O Sindilojas informou que disponibiliza suporte jurídico para quem quiser processar o Estado. Os comerciantes que tenham sofrido prejuízos nas estruturas onde atuam ou tenham tido produtos saqueados devem fazer um Boletim de Ocorrência detalhando todos os itens danificados ou perdidos.
Também podem mover ações conhecidas como de lucro cessante, que é quando há obstáculos para o funcionamento normal da atividade comercial. Três outras entidades baianas, entre elas a Associação de Bares e Restaurantes (Abrasel), contrataram um escritório de advogados para mover ações coletivas indenizatórias contra o Estado.
“As ações serão movidas em grupo de dez empresas ou associações. Os interessados devem apenas apresentar ao advogado os últimos balancetes financeiros e o contrato social”, explica o advogado Candido Sá. A Abrasel avalia que os prejuízos para donos de bares e restaurantes correspondem a cerca de 25% do faturamento esperado para o período.

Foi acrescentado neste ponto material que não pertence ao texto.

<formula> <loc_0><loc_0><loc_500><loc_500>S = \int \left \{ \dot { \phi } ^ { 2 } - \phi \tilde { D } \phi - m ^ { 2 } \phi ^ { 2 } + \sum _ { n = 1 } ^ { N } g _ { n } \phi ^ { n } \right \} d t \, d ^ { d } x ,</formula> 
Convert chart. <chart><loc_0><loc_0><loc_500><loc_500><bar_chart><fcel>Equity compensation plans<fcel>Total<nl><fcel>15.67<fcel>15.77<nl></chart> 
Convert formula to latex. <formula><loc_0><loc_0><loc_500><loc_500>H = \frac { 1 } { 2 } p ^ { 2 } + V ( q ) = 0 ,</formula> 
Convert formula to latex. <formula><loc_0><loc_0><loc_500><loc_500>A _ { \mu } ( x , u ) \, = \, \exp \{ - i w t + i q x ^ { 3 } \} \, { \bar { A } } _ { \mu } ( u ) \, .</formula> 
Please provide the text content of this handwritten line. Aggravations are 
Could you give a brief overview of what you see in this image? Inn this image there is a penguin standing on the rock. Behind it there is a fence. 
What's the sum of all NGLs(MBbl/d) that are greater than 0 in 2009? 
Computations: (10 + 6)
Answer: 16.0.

Arrombamento – Uma grande loja de eletrodomésticos foi arrombada na madrugada desta terça-feira (7) no bairro de Itapuã. Segundo informações da 15ª Companhia Independente da Polícia Militar (CIPM), a porta da loja foi arrombada, alguns eletrodomésticos foram levados e outros destruídos.
Ainda segundo a polícia, um veículo com carroceria, ainda não identificado, estacionou no local e foi usado para levar os produtos durante a fuga dos bandidos. O caso está sendo investigado pela 12ª Delegacia Territorial.